Dissipative particle dynamics simulations on overcharged cylindrical polyelectrolyte brushes with multivalent counterions

Abstract

Employing a dissipative particle dynamics (DPD) approach, we investigate the overcharging behaviors of a cylindrical polyelectrolyte brush (CPB) in the presence of multivalent counterions. The conformational change of the CPB is considered with the increasing concentration of multivalent counterions. We gain insight into the re-expansion mechanism of the CPB by examining various parameters. The influence of the overcharging on the possibility of lyotropic behavior for the CPB is discussed based on the ratio of the persistence length (l_p) to the diameter of the CPB (d). Our simulations demonstrate that the CPB can exhibit a horseshoe–rod–helix–rod–horseshoe conformational change from the collapse to the re-expansion regimes. The excluded-volume effects of the multivalent counterions and the monovalent positive ions absorbed by the CPB in the re-expansion regime increase its size, causing a re-expansion of the brush.
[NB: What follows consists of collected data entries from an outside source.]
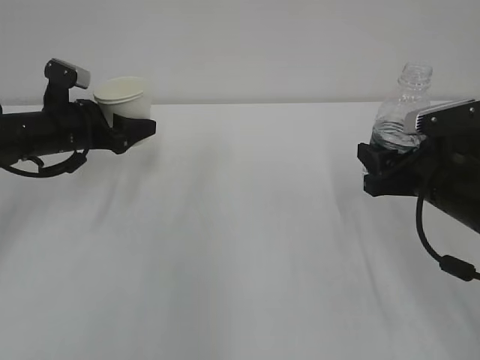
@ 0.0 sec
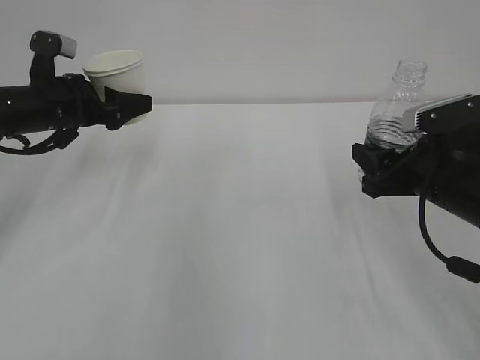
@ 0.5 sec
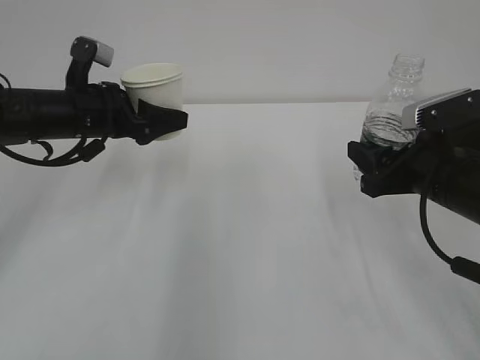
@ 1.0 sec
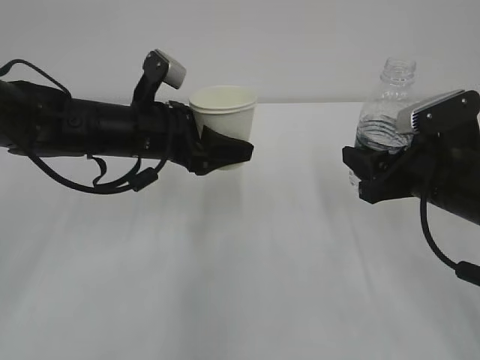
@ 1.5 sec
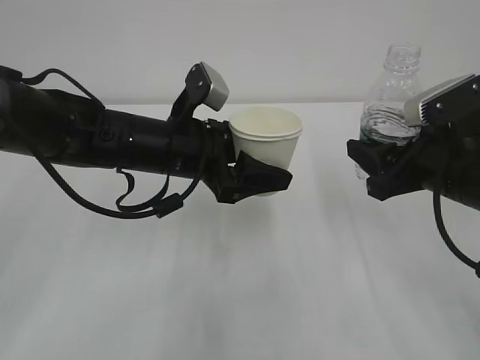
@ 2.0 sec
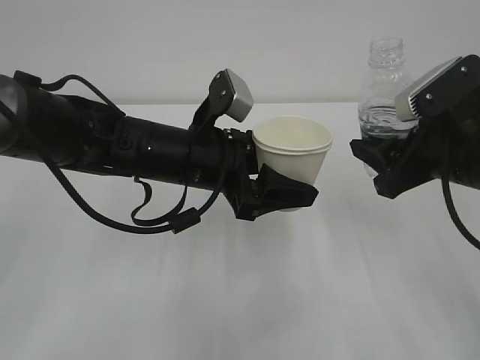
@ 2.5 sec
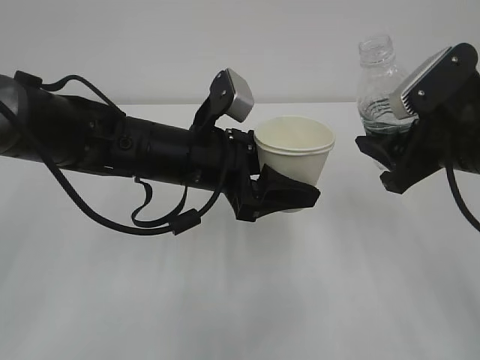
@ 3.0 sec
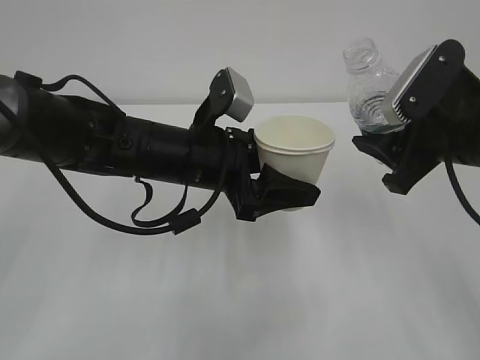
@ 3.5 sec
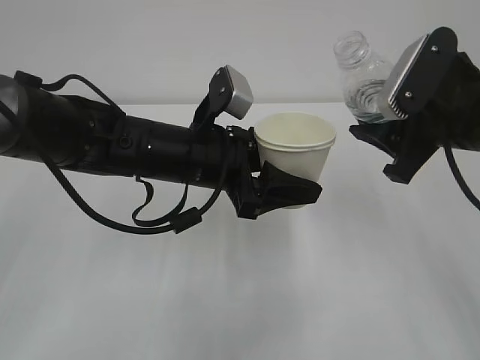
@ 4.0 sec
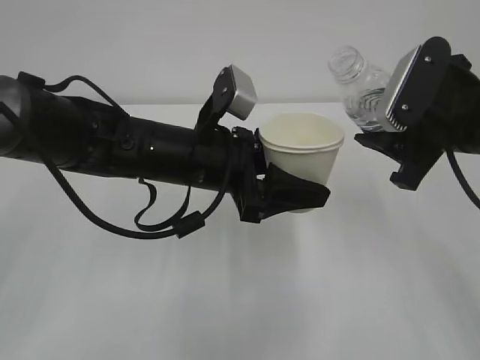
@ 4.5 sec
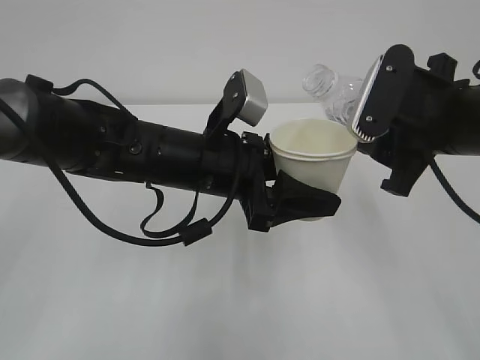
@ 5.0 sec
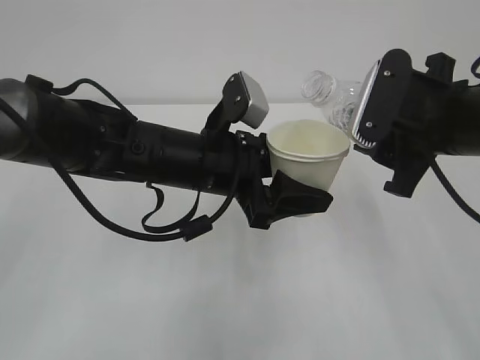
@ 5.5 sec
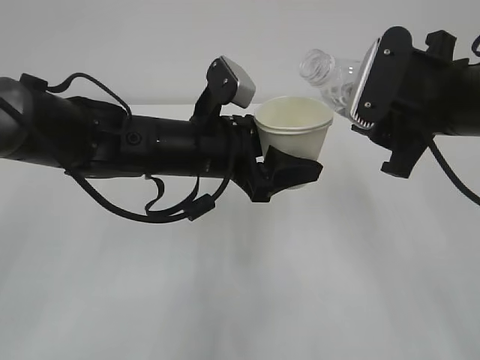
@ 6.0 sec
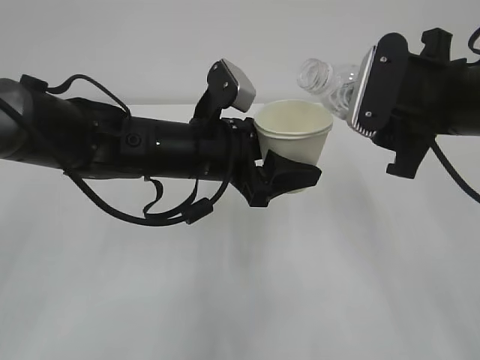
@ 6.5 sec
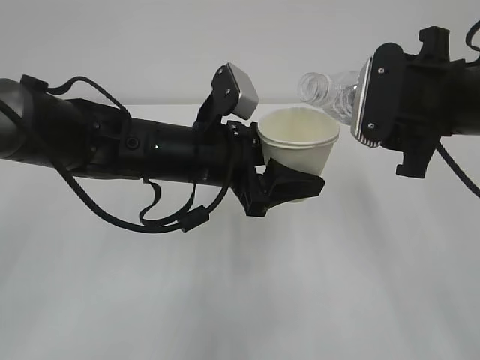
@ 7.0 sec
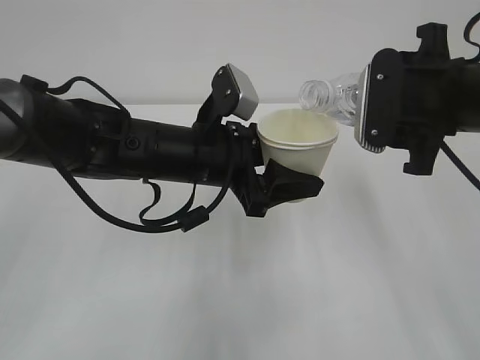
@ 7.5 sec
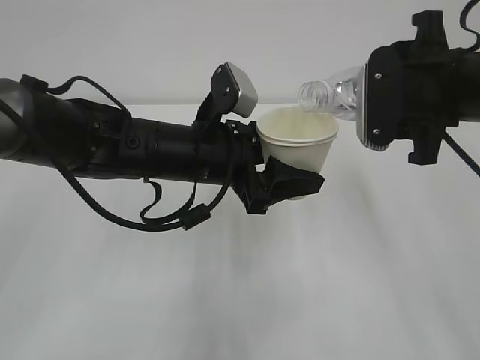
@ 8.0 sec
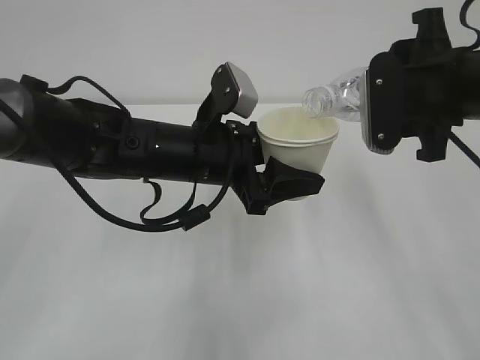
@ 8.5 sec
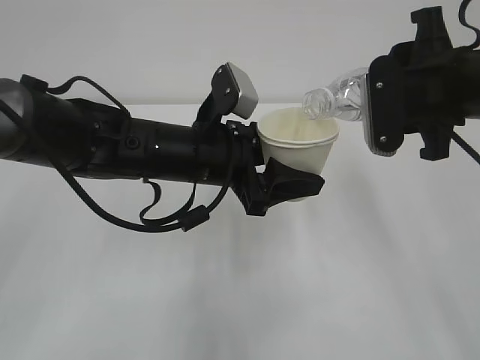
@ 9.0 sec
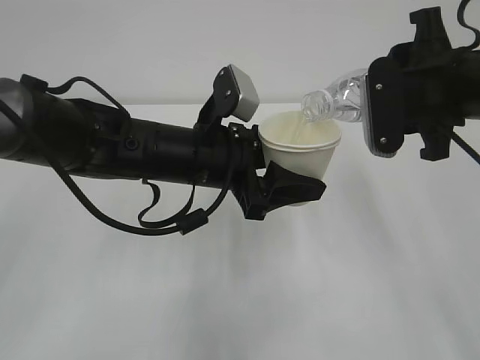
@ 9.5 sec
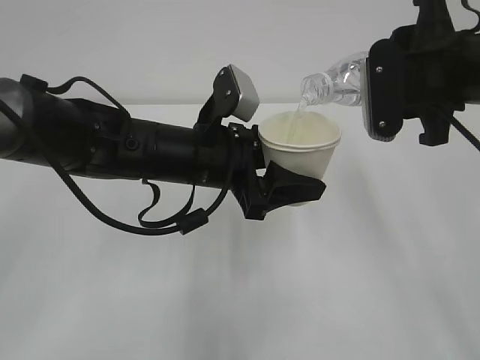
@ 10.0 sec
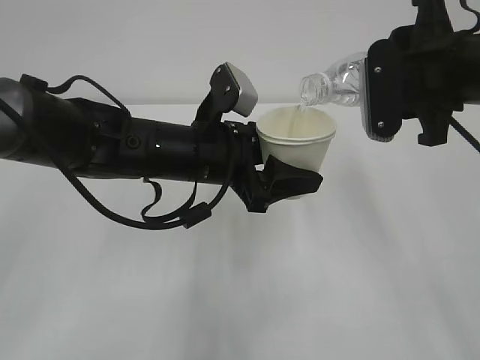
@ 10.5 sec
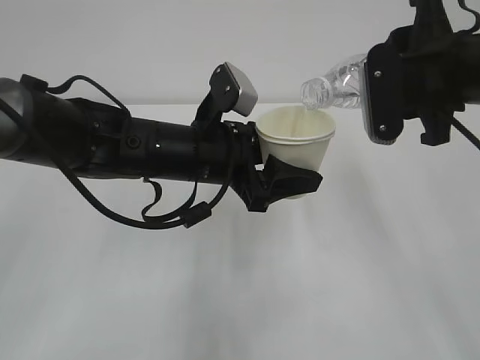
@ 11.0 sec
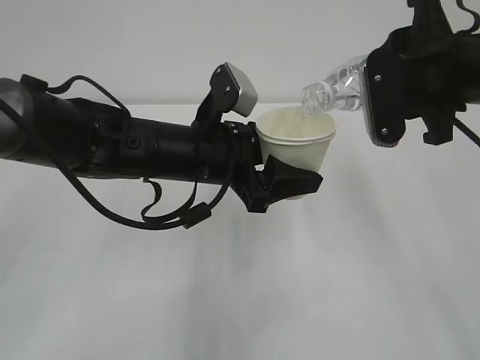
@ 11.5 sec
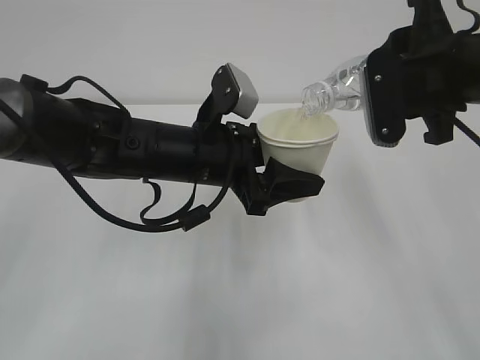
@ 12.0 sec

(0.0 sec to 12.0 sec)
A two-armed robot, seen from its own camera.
0.0 sec - 2.0 sec: The left gripper heads to the right and backward, covering about 20 cm.
2.0 sec - 4.0 sec: The right gripper goes approximately 5 cm upward.
4.0 sec - 6.0 sec: The grippers make only small movements.
8.0 sec - 10.0 sec: The grippers stay close to where they were, moving slightly.
10.0 sec - 12.0 sec: Both grippers stay about where they are.

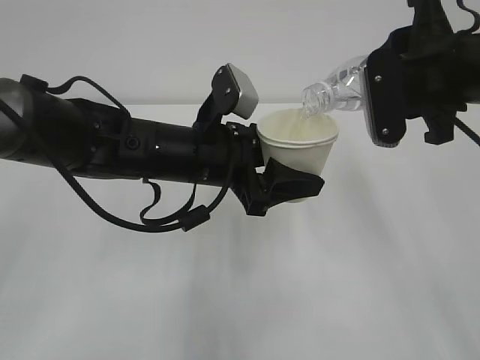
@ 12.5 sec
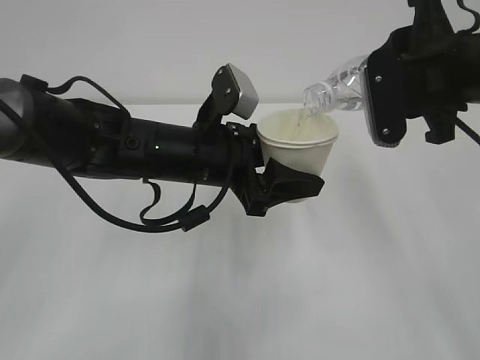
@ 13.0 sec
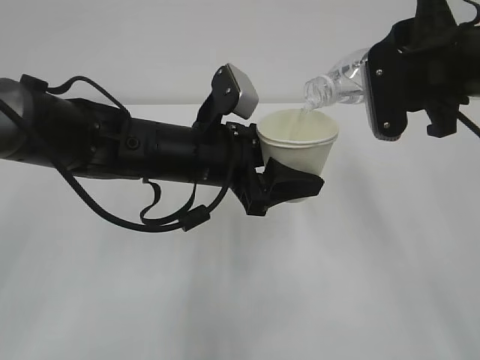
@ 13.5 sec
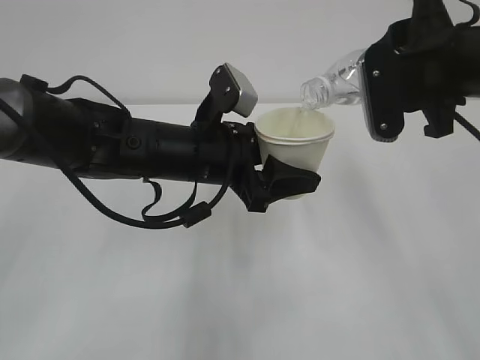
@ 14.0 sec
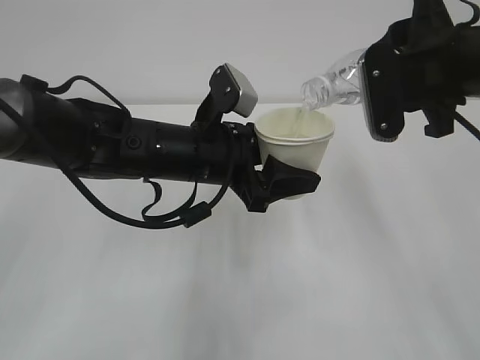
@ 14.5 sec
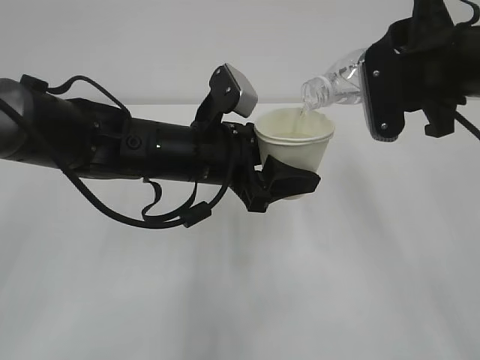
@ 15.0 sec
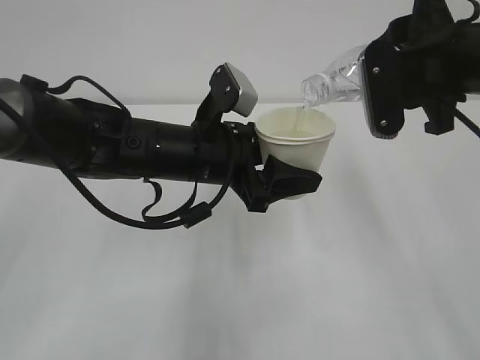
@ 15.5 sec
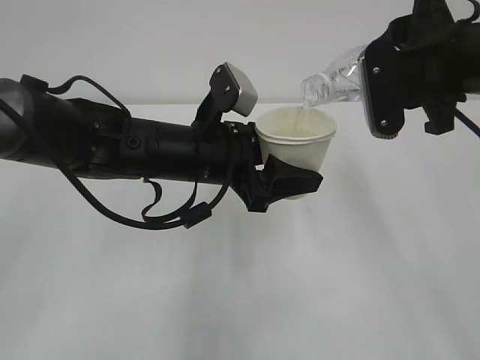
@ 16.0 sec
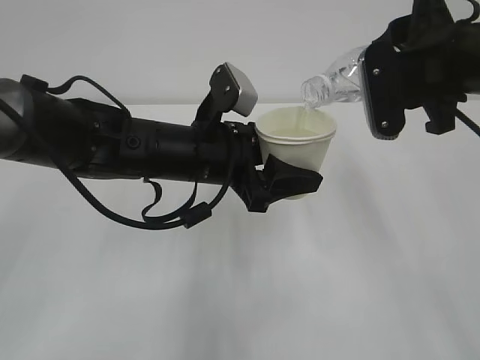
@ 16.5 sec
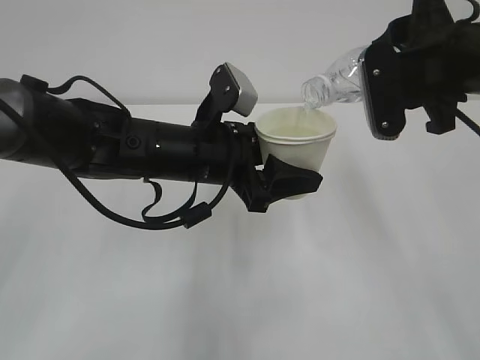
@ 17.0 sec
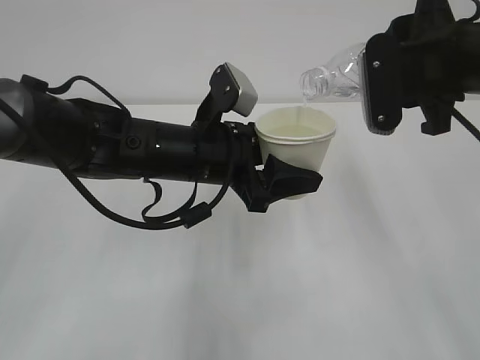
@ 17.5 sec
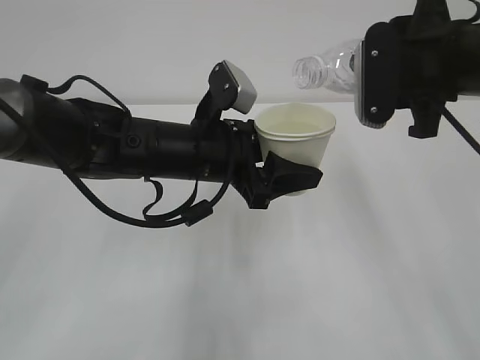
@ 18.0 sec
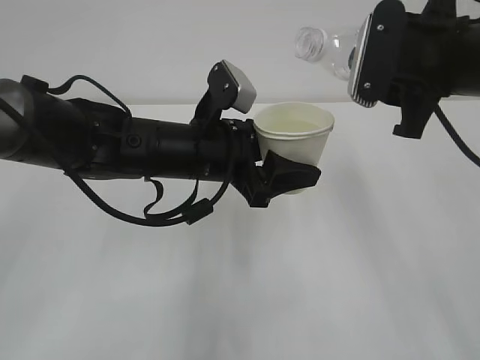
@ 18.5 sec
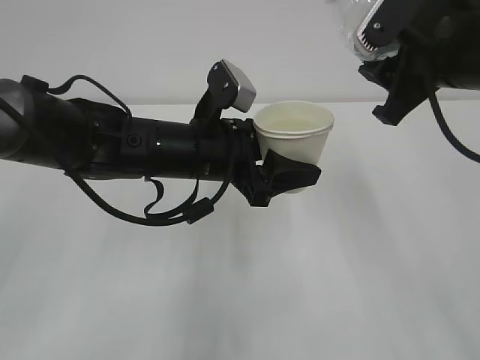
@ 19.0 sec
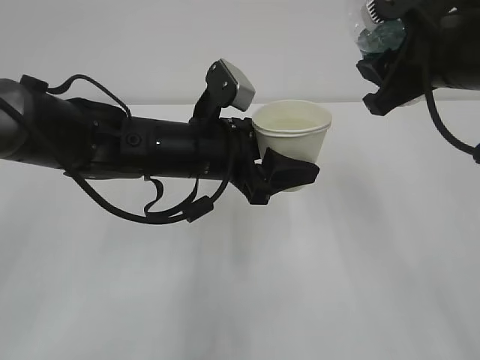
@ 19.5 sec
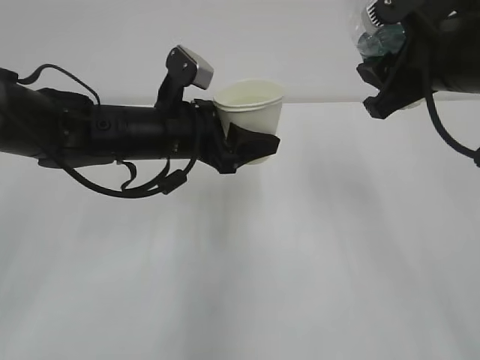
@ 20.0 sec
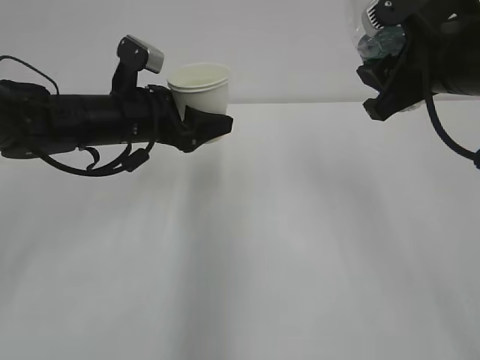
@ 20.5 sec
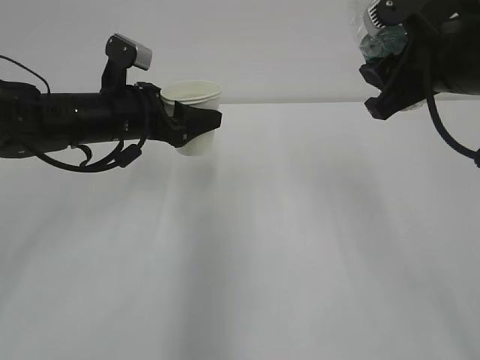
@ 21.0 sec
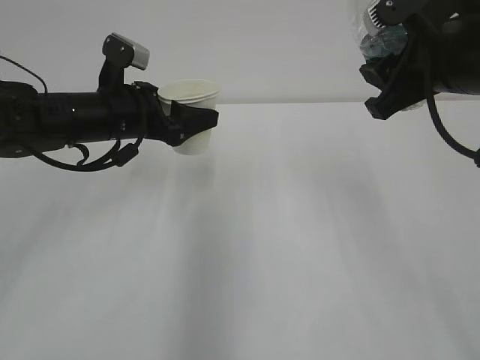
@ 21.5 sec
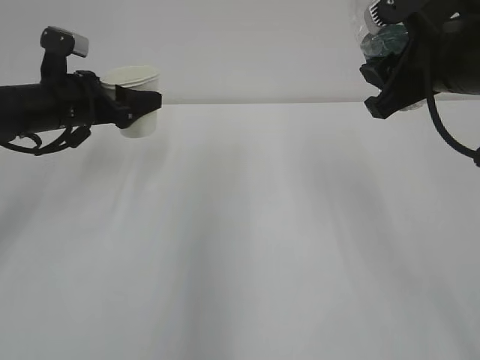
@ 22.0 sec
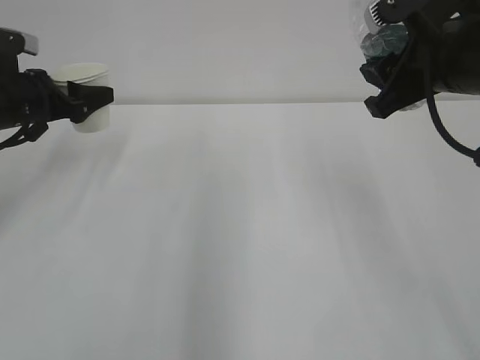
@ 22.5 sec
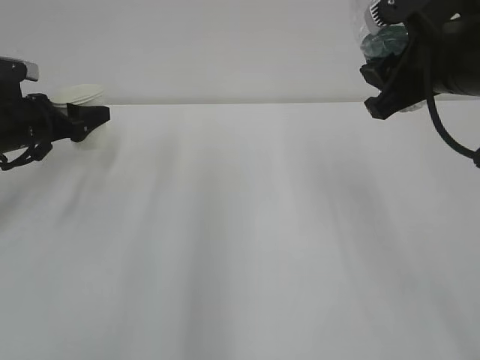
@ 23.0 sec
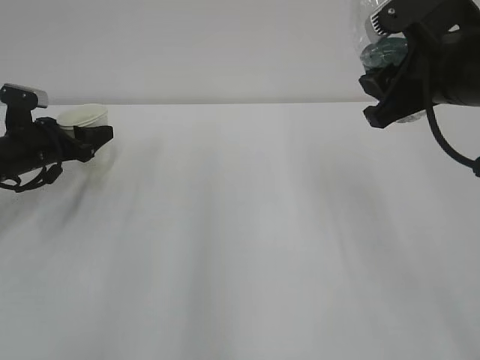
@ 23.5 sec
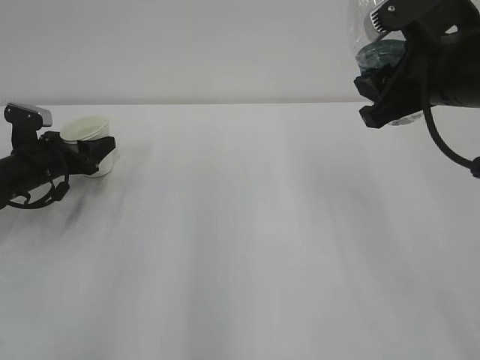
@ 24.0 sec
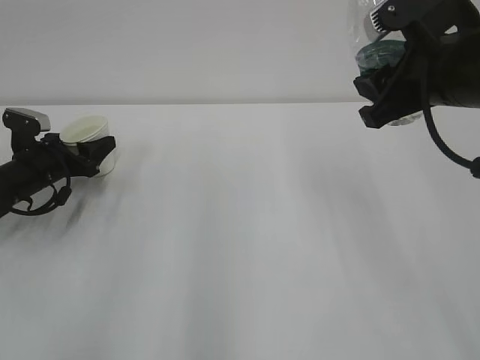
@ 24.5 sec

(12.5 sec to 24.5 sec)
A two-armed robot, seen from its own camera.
12.5 sec - 16.5 sec: Both grippers stay about where they are.
18.5 sec - 20.5 sec: The left gripper goes some 10 cm to the left and forward.
20.5 sec - 22.5 sec: The left gripper moves to the left, roughly 15 cm.
22.5 sec - 24.5 sec: The left gripper shifts approximately 10 cm downward.

Our simulations show that the increase of the ratio l_p/d turns to be much slower in the expansion regime, demonstrating that excess addition of the salt with multivalent counterions does not improve efficiently the lyotropic behavior of the CPB. These findings provide guidelines for tailoring the structures of the CPB and thereby controlling the interaction between the CPB and couterions.